Research Summary - 4

Decision support tool for optimizing semen strategy given various target replacement rates

Date/Time: 9/14/2024    15:00
Author: Daryl V Nydam
Clinic: Cornell University
City, State, ZIP: Ithaca, NY  14853

J. Adamchick, DVM, PhD 1 ; K.R. Briggs, DVM, MBA 2 ; D.V. Nydam, DVM, PhD 3 ;
1Dept of Public and Ecosystem Health, College of Veterinary Medicine, Cornell University, Ithaca, NY 14853
2Dairy Management Inc, Rosement, IL 60018
3Dept of Population Medicine and Diagnostic Science, College of Veterinary Medicine, Cornell University, Ithaca, NY 14853

Introduction:

Breeding and replacement decisions are increasingly complex considering recent advances in technology, management, and market opportunities. Our objective was to create a tool to help identify the optimal semen strategy to capitalize on crossbred beef markets while maintaining the replacement supply to support lactating herd turnover.

Materials and methods:

We designed a model that identifies the semen mix to maximize crossbred calves while producing adequate replacements for a herd’s turnover rate and system inputs and can be used to explore the impacts of varying inputs and assumptions.

The tool is a deterministic model that estimates the number of replacements (dairy heifer calves) needed to be born per year to maintain herd turnover, and the resulting youngstock inventory. Given the set of inputs, it returns the percent of cow inseminations (AIs) to sexed semen needed to support the replacement rate (with the remainder to beef semen).

We evaluated a baseline scenario of a herd with 35% annual turnover and desired buffer of 5% extra springers. Inputs included cull/loss rates at each stage (3% by day-old, 5% on milk, 1% between weaning-breeding, 2% at breeding stage, 0.5% pregnant heifers) and cow reproductive parameters (voluntary waiting period 60 days, 10% of breeding-eligible cows do not conceive, 10% pregnancy loss rate over whole gestation, 45% conception risk (CR) for sexed semen, 50% CR for beef semen), and the assumption that 90% of heifer pregnancies carry dairy females.

Using the baseline inputs, we calculated results for varying turnover rates (25, 35, and 45%) and inventory cushions (5 and 10% surplus replacements). We then examined sensitivity to inputs set at +/- 20% of baseline value.

Results:


The results showed that a herd with a 35% turnover rate and 5% (10%) inventory cushion should use sexed semen for 13% (13%) of cow AIs. At 25% and 45% turnover, sexed semen comprised 9% (9%) and 16% (17%) respectively. For a 1,000-cow herd, the number of day-old crossbred calves annually available for market in each scenario ranged from 645 (45% turnover/10% buffer) to 729 (25% turnover/5% buffer).

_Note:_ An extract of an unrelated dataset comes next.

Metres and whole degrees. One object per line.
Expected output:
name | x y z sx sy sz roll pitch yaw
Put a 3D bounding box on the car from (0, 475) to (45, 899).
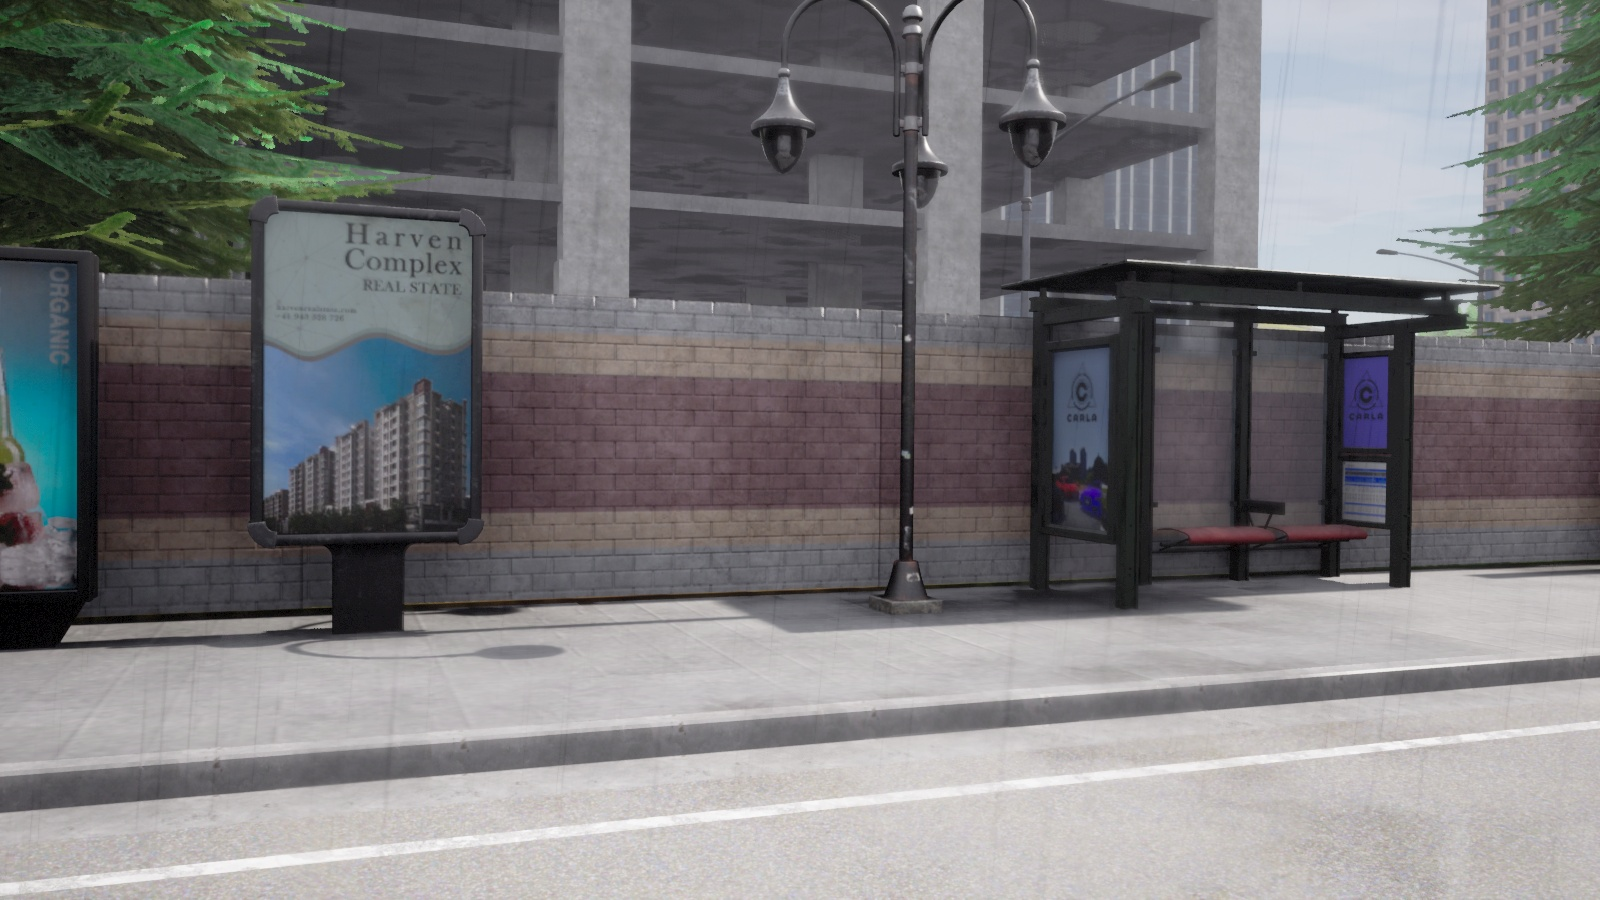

At 35% turnover with 5% cushion, the most influential variables were cow CR to sexed and beef semen and percent females born from heifer pregnancies. Increasing the sexed CR resulted in a lower percent of sexed semen usage (11% to sexed at a 54% CR: fewer AIs were needed to produce the same number of pregnancies carrying dairy females). Conversely, increasing beef CR with all else held equal corresponded to an increased percent of AIs to sexed semen (14% to sexed at 60% beef CR: there was no change to the absolute number of AIs to sexed semen, only a decrease in the number of AIs to beef even while increasing the number of conceptions). Changing the percent females resulting from heifer AIs was also influential; a lower proportion of replacements born to first calf heifers increased the number of adult cow pregnancies expected to carry dairy females (22% of adult cow AIs to sexed if percent of females from heifers decreased to 72%).

As youngstock losses increased, a modest rise in sexed semen use was needed to support the target replacements. When losses were 20% higher than baseline at all stages simultaneously (e.g., 3.6% by day-old, 6% on milk, etc.), sexed semen need increased to 14%.

Significance:

This model assumes that the user has already identified the optimal replacement rate for production and profitability. The value of this tool is to explore which semen mix will support that already-identified herd size and turnover rate (and thus not constrain efficient lactating cow decisions) while maximizing revenue from additional calves born, for a given youngstock system. The next important direction for this work is to link these choices with lactating herd performance, enabling study of the interdependent influences of semen choice, youngstock system, and replacement rate (no longer fixed) on whole-herd cash flow.